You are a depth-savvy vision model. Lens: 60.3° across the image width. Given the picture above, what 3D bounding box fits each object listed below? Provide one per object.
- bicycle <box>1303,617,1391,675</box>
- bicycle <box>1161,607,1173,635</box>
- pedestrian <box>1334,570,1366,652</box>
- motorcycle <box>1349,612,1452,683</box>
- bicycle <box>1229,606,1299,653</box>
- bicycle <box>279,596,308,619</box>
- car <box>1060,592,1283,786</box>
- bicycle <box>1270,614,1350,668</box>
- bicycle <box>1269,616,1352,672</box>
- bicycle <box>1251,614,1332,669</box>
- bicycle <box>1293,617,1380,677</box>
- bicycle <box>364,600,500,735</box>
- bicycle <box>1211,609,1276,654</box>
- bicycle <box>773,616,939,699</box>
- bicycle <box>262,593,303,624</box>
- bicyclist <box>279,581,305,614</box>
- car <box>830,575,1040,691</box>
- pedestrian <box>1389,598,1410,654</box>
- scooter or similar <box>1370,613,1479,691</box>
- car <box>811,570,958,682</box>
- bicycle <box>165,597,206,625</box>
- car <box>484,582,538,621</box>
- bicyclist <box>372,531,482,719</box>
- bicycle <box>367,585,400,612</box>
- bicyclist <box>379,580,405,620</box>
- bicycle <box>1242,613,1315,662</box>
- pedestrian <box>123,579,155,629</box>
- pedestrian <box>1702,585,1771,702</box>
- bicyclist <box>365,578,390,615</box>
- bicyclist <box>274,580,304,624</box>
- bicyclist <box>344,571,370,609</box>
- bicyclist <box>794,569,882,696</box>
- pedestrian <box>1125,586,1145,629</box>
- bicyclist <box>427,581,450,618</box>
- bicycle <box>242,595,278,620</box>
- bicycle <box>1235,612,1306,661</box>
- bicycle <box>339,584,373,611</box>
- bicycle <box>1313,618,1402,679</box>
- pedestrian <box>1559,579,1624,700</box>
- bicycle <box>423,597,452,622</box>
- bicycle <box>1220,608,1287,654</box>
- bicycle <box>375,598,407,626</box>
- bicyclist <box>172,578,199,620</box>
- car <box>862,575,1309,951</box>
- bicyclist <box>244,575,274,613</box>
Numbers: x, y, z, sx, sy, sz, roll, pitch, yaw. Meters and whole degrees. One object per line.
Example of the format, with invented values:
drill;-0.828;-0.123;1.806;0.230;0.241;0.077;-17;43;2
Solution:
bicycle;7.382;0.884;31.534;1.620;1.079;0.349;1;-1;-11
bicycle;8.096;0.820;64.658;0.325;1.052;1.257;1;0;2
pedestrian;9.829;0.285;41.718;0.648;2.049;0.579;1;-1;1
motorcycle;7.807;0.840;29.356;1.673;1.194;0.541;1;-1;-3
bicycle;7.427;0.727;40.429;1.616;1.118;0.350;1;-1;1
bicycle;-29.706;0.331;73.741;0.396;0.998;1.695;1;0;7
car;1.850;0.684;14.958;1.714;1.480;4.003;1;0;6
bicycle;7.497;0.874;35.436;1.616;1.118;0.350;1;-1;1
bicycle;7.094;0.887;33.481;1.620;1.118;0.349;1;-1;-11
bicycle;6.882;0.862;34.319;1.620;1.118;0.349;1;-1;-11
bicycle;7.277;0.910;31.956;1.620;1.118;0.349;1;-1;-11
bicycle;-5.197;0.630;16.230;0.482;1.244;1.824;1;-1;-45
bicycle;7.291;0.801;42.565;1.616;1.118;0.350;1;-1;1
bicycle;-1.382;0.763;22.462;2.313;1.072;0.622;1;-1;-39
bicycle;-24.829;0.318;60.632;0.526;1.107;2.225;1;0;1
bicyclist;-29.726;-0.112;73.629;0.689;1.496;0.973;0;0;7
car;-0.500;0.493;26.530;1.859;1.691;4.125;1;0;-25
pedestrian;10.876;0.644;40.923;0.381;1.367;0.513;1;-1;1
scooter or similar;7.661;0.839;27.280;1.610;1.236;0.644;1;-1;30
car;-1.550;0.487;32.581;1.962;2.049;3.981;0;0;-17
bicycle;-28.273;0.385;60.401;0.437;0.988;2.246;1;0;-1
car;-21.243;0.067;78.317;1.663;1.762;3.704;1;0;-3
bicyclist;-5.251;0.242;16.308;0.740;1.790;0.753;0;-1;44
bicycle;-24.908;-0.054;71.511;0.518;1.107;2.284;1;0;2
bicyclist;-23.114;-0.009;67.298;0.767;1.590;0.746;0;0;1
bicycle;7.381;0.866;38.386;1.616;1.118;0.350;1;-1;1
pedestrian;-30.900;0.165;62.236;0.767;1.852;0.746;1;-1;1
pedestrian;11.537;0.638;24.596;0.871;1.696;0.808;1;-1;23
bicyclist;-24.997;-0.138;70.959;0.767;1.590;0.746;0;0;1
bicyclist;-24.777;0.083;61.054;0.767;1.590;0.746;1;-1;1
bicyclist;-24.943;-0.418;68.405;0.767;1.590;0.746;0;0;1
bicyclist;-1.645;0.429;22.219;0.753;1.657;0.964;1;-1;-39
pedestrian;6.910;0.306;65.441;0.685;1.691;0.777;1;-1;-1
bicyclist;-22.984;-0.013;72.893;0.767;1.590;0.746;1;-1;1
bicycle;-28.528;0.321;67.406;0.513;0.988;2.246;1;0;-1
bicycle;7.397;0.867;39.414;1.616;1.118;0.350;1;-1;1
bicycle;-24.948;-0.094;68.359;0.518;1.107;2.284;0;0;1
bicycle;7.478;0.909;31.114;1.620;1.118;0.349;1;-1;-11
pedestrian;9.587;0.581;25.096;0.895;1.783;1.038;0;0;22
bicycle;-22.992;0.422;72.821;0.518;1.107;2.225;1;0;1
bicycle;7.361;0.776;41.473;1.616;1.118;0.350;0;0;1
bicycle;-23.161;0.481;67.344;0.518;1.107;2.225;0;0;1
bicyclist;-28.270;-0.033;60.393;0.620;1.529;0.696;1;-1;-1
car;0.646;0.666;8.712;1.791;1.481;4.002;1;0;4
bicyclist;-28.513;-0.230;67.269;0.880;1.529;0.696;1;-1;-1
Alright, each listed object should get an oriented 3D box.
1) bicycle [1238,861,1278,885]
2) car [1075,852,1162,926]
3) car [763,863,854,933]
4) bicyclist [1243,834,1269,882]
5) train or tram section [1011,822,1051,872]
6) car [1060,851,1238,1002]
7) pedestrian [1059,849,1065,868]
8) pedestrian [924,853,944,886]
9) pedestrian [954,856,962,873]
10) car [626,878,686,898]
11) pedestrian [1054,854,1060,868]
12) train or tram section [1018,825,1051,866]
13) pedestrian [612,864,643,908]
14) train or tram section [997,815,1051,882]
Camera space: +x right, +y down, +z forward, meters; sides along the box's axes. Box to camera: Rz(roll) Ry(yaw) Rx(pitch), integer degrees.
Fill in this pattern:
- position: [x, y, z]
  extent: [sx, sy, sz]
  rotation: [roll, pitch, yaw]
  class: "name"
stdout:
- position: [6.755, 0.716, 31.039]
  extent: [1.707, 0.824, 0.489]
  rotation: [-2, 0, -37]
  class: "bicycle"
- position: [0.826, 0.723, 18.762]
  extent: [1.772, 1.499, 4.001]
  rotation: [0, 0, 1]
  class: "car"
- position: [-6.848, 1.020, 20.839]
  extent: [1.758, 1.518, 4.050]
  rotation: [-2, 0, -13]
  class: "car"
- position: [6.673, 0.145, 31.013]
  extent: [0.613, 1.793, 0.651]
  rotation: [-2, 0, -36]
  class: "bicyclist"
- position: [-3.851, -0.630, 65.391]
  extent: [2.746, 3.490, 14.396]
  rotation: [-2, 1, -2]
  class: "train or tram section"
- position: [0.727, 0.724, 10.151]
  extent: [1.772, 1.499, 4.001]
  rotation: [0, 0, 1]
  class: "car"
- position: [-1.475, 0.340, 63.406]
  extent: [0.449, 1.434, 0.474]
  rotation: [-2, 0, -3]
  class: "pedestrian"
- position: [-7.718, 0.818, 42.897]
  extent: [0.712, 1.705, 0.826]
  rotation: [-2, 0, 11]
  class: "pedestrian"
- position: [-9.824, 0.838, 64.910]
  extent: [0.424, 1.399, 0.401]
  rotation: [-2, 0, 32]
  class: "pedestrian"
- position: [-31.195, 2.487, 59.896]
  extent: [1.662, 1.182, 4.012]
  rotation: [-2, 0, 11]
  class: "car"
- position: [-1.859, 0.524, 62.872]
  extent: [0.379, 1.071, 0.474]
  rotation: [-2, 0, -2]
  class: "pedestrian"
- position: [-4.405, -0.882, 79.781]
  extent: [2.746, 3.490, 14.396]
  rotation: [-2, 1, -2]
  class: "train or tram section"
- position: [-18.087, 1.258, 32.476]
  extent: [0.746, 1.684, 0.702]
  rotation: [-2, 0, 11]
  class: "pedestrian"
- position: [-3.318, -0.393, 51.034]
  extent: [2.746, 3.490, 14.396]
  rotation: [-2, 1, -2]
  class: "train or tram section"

> [Brief] Using the entries above, give again exactly the lines from the line holding "- bicycle <box>1242,613,1315,662</box>" through the line holding "drill;-0.828;-0.123;1.806;0.230;0.241;0.077;-17;43;2". Include both end lines and nothing else.

> [Response to the task]
- bicycle <box>1242,613,1315,662</box>
- pedestrian <box>123,579,155,629</box>
- pedestrian <box>1702,585,1771,702</box>
- bicyclist <box>365,578,390,615</box>
- bicyclist <box>274,580,304,624</box>
- bicyclist <box>344,571,370,609</box>
- bicyclist <box>794,569,882,696</box>
- pedestrian <box>1125,586,1145,629</box>
- bicyclist <box>427,581,450,618</box>
- bicycle <box>242,595,278,620</box>
- bicycle <box>1235,612,1306,661</box>
- bicycle <box>339,584,373,611</box>
- bicycle <box>1313,618,1402,679</box>
- pedestrian <box>1559,579,1624,700</box>
- bicycle <box>423,597,452,622</box>
- bicycle <box>1220,608,1287,654</box>
- bicycle <box>375,598,407,626</box>
- bicyclist <box>172,578,199,620</box>
- car <box>862,575,1309,951</box>
- bicyclist <box>244,575,274,613</box>
Numbers: x, y, z, sx, sy, sz, roll, pitch, yaw. Meters and whole degrees. One object per line.
Example of the format, with invented values:
drill;-0.828;-0.123;1.806;0.230;0.241;0.077;-17;43;2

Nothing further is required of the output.